[Directions] Using the data beneath this instruction, retype only the lines from the one that contains "Offer a terse response. 105." down to the one that contains "2005 to that in 2009?", both included, exactly as they appear.

[The data]
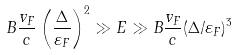Convert formula to latex. <formula><loc_0><loc_0><loc_500><loc_500>B \frac { v _ { F } } { c } \left ( \frac { \Delta } { \varepsilon _ { F } } \right ) ^ { 2 } \gg E \gg B \frac { v _ { F } } { c } ( \Delta / \varepsilon _ { F } ) ^ { 3 }</formula> 
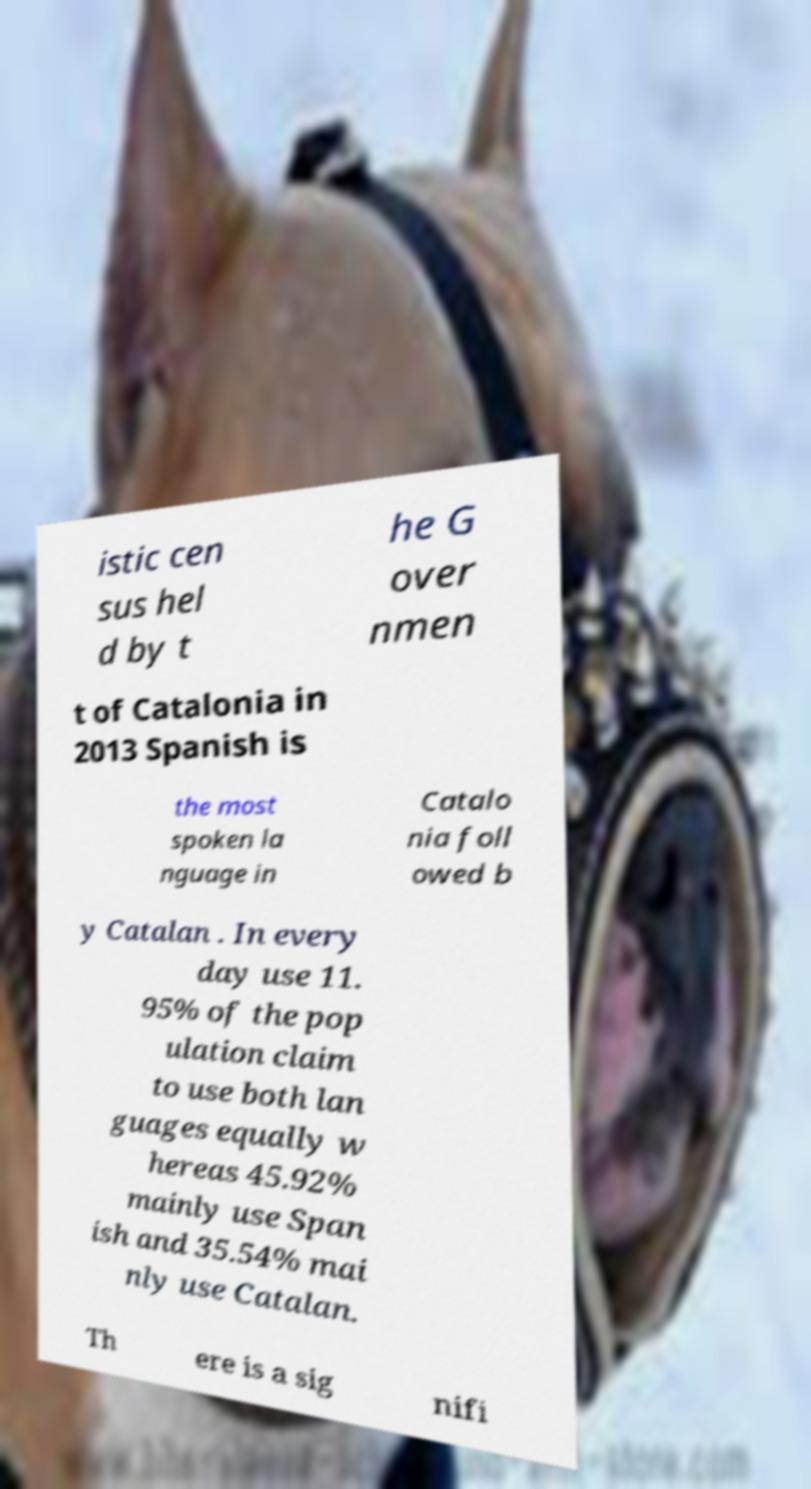There's text embedded in this image that I need extracted. Can you transcribe it verbatim? istic cen sus hel d by t he G over nmen t of Catalonia in 2013 Spanish is the most spoken la nguage in Catalo nia foll owed b y Catalan . In every day use 11. 95% of the pop ulation claim to use both lan guages equally w hereas 45.92% mainly use Span ish and 35.54% mai nly use Catalan. Th ere is a sig nifi 
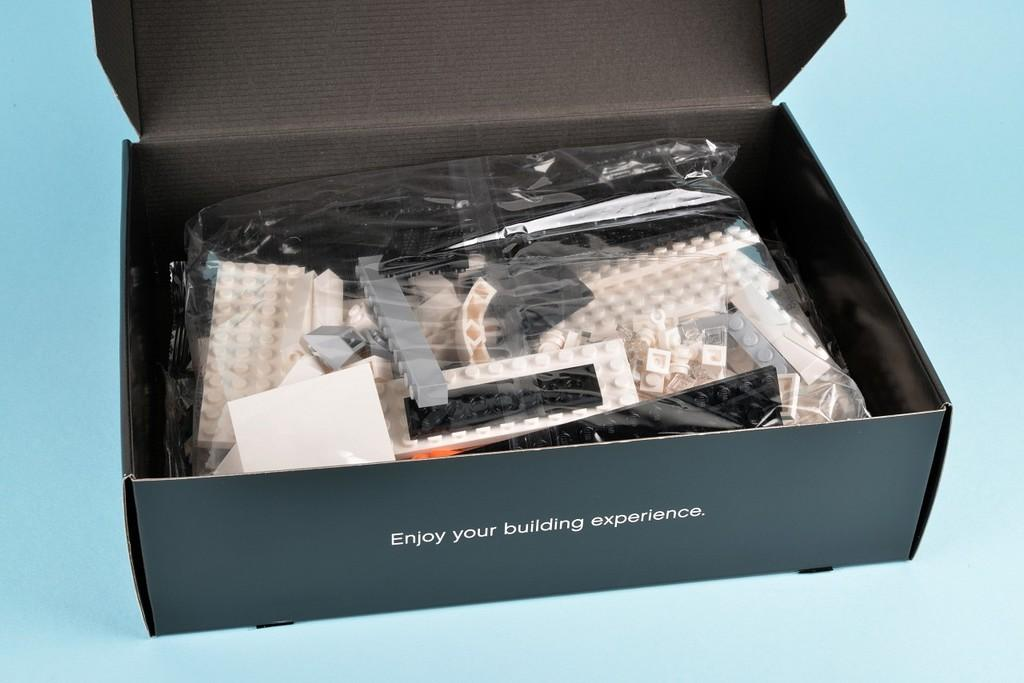<image>
Offer a succinct explanation of the picture presented. a box of building bricks reading Enjoy Your Building Experience 
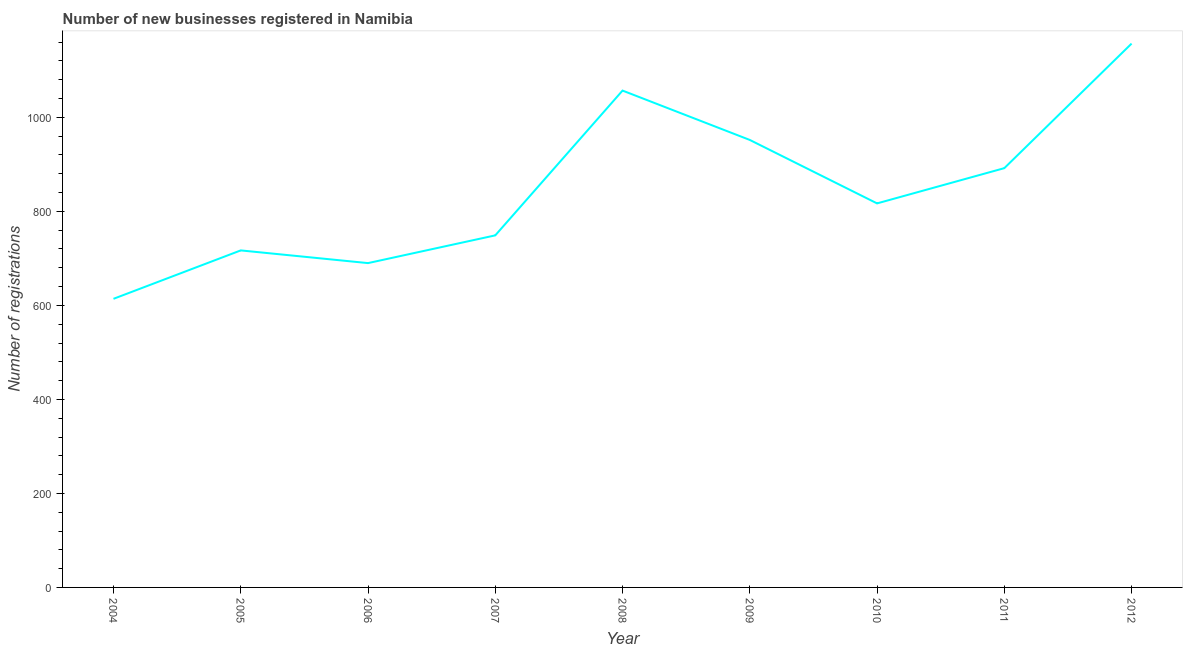What is the number of new business registrations in 2006?
Ensure brevity in your answer.  690. Across all years, what is the maximum number of new business registrations?
Your answer should be very brief. 1157. Across all years, what is the minimum number of new business registrations?
Give a very brief answer. 614. In which year was the number of new business registrations maximum?
Your answer should be compact. 2012. In which year was the number of new business registrations minimum?
Your response must be concise. 2004. What is the sum of the number of new business registrations?
Provide a succinct answer. 7645. What is the difference between the number of new business registrations in 2007 and 2012?
Offer a terse response. -408. What is the average number of new business registrations per year?
Your answer should be very brief. 849.44. What is the median number of new business registrations?
Offer a very short reply. 817. What is the ratio of the number of new business registrations in 2006 to that in 2009?
Offer a terse response. 0.72. Is the number of new business registrations in 2005 less than that in 2011?
Ensure brevity in your answer.  Yes. Is the difference between the number of new business registrations in 2005 and 2011 greater than the difference between any two years?
Offer a very short reply. No. What is the difference between the highest and the second highest number of new business registrations?
Provide a succinct answer. 100. What is the difference between the highest and the lowest number of new business registrations?
Make the answer very short. 543. Does the number of new business registrations monotonically increase over the years?
Provide a short and direct response. No. Does the graph contain any zero values?
Give a very brief answer. No. Does the graph contain grids?
Ensure brevity in your answer.  No. What is the title of the graph?
Make the answer very short. Number of new businesses registered in Namibia. What is the label or title of the X-axis?
Ensure brevity in your answer.  Year. What is the label or title of the Y-axis?
Ensure brevity in your answer.  Number of registrations. What is the Number of registrations in 2004?
Your answer should be compact. 614. What is the Number of registrations of 2005?
Provide a succinct answer. 717. What is the Number of registrations in 2006?
Ensure brevity in your answer.  690. What is the Number of registrations of 2007?
Offer a very short reply. 749. What is the Number of registrations in 2008?
Provide a short and direct response. 1057. What is the Number of registrations of 2009?
Offer a terse response. 952. What is the Number of registrations of 2010?
Make the answer very short. 817. What is the Number of registrations in 2011?
Your answer should be very brief. 892. What is the Number of registrations of 2012?
Your answer should be very brief. 1157. What is the difference between the Number of registrations in 2004 and 2005?
Offer a very short reply. -103. What is the difference between the Number of registrations in 2004 and 2006?
Ensure brevity in your answer.  -76. What is the difference between the Number of registrations in 2004 and 2007?
Your response must be concise. -135. What is the difference between the Number of registrations in 2004 and 2008?
Offer a terse response. -443. What is the difference between the Number of registrations in 2004 and 2009?
Make the answer very short. -338. What is the difference between the Number of registrations in 2004 and 2010?
Give a very brief answer. -203. What is the difference between the Number of registrations in 2004 and 2011?
Ensure brevity in your answer.  -278. What is the difference between the Number of registrations in 2004 and 2012?
Your answer should be compact. -543. What is the difference between the Number of registrations in 2005 and 2007?
Ensure brevity in your answer.  -32. What is the difference between the Number of registrations in 2005 and 2008?
Ensure brevity in your answer.  -340. What is the difference between the Number of registrations in 2005 and 2009?
Give a very brief answer. -235. What is the difference between the Number of registrations in 2005 and 2010?
Ensure brevity in your answer.  -100. What is the difference between the Number of registrations in 2005 and 2011?
Make the answer very short. -175. What is the difference between the Number of registrations in 2005 and 2012?
Keep it short and to the point. -440. What is the difference between the Number of registrations in 2006 and 2007?
Your answer should be compact. -59. What is the difference between the Number of registrations in 2006 and 2008?
Offer a terse response. -367. What is the difference between the Number of registrations in 2006 and 2009?
Give a very brief answer. -262. What is the difference between the Number of registrations in 2006 and 2010?
Offer a very short reply. -127. What is the difference between the Number of registrations in 2006 and 2011?
Your response must be concise. -202. What is the difference between the Number of registrations in 2006 and 2012?
Your answer should be compact. -467. What is the difference between the Number of registrations in 2007 and 2008?
Ensure brevity in your answer.  -308. What is the difference between the Number of registrations in 2007 and 2009?
Ensure brevity in your answer.  -203. What is the difference between the Number of registrations in 2007 and 2010?
Make the answer very short. -68. What is the difference between the Number of registrations in 2007 and 2011?
Offer a very short reply. -143. What is the difference between the Number of registrations in 2007 and 2012?
Ensure brevity in your answer.  -408. What is the difference between the Number of registrations in 2008 and 2009?
Offer a terse response. 105. What is the difference between the Number of registrations in 2008 and 2010?
Your answer should be very brief. 240. What is the difference between the Number of registrations in 2008 and 2011?
Provide a short and direct response. 165. What is the difference between the Number of registrations in 2008 and 2012?
Your answer should be compact. -100. What is the difference between the Number of registrations in 2009 and 2010?
Give a very brief answer. 135. What is the difference between the Number of registrations in 2009 and 2011?
Offer a very short reply. 60. What is the difference between the Number of registrations in 2009 and 2012?
Ensure brevity in your answer.  -205. What is the difference between the Number of registrations in 2010 and 2011?
Make the answer very short. -75. What is the difference between the Number of registrations in 2010 and 2012?
Give a very brief answer. -340. What is the difference between the Number of registrations in 2011 and 2012?
Your answer should be compact. -265. What is the ratio of the Number of registrations in 2004 to that in 2005?
Your response must be concise. 0.86. What is the ratio of the Number of registrations in 2004 to that in 2006?
Provide a short and direct response. 0.89. What is the ratio of the Number of registrations in 2004 to that in 2007?
Give a very brief answer. 0.82. What is the ratio of the Number of registrations in 2004 to that in 2008?
Keep it short and to the point. 0.58. What is the ratio of the Number of registrations in 2004 to that in 2009?
Make the answer very short. 0.65. What is the ratio of the Number of registrations in 2004 to that in 2010?
Make the answer very short. 0.75. What is the ratio of the Number of registrations in 2004 to that in 2011?
Keep it short and to the point. 0.69. What is the ratio of the Number of registrations in 2004 to that in 2012?
Your response must be concise. 0.53. What is the ratio of the Number of registrations in 2005 to that in 2006?
Make the answer very short. 1.04. What is the ratio of the Number of registrations in 2005 to that in 2008?
Ensure brevity in your answer.  0.68. What is the ratio of the Number of registrations in 2005 to that in 2009?
Keep it short and to the point. 0.75. What is the ratio of the Number of registrations in 2005 to that in 2010?
Offer a terse response. 0.88. What is the ratio of the Number of registrations in 2005 to that in 2011?
Your response must be concise. 0.8. What is the ratio of the Number of registrations in 2005 to that in 2012?
Your answer should be compact. 0.62. What is the ratio of the Number of registrations in 2006 to that in 2007?
Provide a short and direct response. 0.92. What is the ratio of the Number of registrations in 2006 to that in 2008?
Your answer should be very brief. 0.65. What is the ratio of the Number of registrations in 2006 to that in 2009?
Provide a short and direct response. 0.72. What is the ratio of the Number of registrations in 2006 to that in 2010?
Your answer should be compact. 0.84. What is the ratio of the Number of registrations in 2006 to that in 2011?
Provide a succinct answer. 0.77. What is the ratio of the Number of registrations in 2006 to that in 2012?
Make the answer very short. 0.6. What is the ratio of the Number of registrations in 2007 to that in 2008?
Your answer should be compact. 0.71. What is the ratio of the Number of registrations in 2007 to that in 2009?
Offer a terse response. 0.79. What is the ratio of the Number of registrations in 2007 to that in 2010?
Keep it short and to the point. 0.92. What is the ratio of the Number of registrations in 2007 to that in 2011?
Provide a succinct answer. 0.84. What is the ratio of the Number of registrations in 2007 to that in 2012?
Give a very brief answer. 0.65. What is the ratio of the Number of registrations in 2008 to that in 2009?
Your answer should be very brief. 1.11. What is the ratio of the Number of registrations in 2008 to that in 2010?
Your answer should be very brief. 1.29. What is the ratio of the Number of registrations in 2008 to that in 2011?
Provide a succinct answer. 1.19. What is the ratio of the Number of registrations in 2008 to that in 2012?
Keep it short and to the point. 0.91. What is the ratio of the Number of registrations in 2009 to that in 2010?
Make the answer very short. 1.17. What is the ratio of the Number of registrations in 2009 to that in 2011?
Provide a succinct answer. 1.07. What is the ratio of the Number of registrations in 2009 to that in 2012?
Ensure brevity in your answer.  0.82. What is the ratio of the Number of registrations in 2010 to that in 2011?
Your response must be concise. 0.92. What is the ratio of the Number of registrations in 2010 to that in 2012?
Provide a short and direct response. 0.71. What is the ratio of the Number of registrations in 2011 to that in 2012?
Your answer should be very brief. 0.77.

[Problem solution]
Offer a terse response. 105. What is the difference between the Number of registrations in 2008 and 2010?
Your answer should be very brief. 240. What is the difference between the Number of registrations in 2008 and 2011?
Provide a short and direct response. 165. What is the difference between the Number of registrations in 2008 and 2012?
Your answer should be compact. -100. What is the difference between the Number of registrations in 2009 and 2010?
Give a very brief answer. 135. What is the difference between the Number of registrations in 2009 and 2011?
Offer a very short reply. 60. What is the difference between the Number of registrations in 2009 and 2012?
Ensure brevity in your answer.  -205. What is the difference between the Number of registrations in 2010 and 2011?
Make the answer very short. -75. What is the difference between the Number of registrations in 2010 and 2012?
Give a very brief answer. -340. What is the difference between the Number of registrations in 2011 and 2012?
Your answer should be compact. -265. What is the ratio of the Number of registrations in 2004 to that in 2005?
Your response must be concise. 0.86. What is the ratio of the Number of registrations in 2004 to that in 2006?
Provide a short and direct response. 0.89. What is the ratio of the Number of registrations in 2004 to that in 2007?
Give a very brief answer. 0.82. What is the ratio of the Number of registrations in 2004 to that in 2008?
Keep it short and to the point. 0.58. What is the ratio of the Number of registrations in 2004 to that in 2009?
Make the answer very short. 0.65. What is the ratio of the Number of registrations in 2004 to that in 2010?
Make the answer very short. 0.75. What is the ratio of the Number of registrations in 2004 to that in 2011?
Keep it short and to the point. 0.69. What is the ratio of the Number of registrations in 2004 to that in 2012?
Your response must be concise. 0.53. What is the ratio of the Number of registrations in 2005 to that in 2006?
Make the answer very short. 1.04. What is the ratio of the Number of registrations in 2005 to that in 2008?
Ensure brevity in your answer.  0.68. What is the ratio of the Number of registrations in 2005 to that in 2009?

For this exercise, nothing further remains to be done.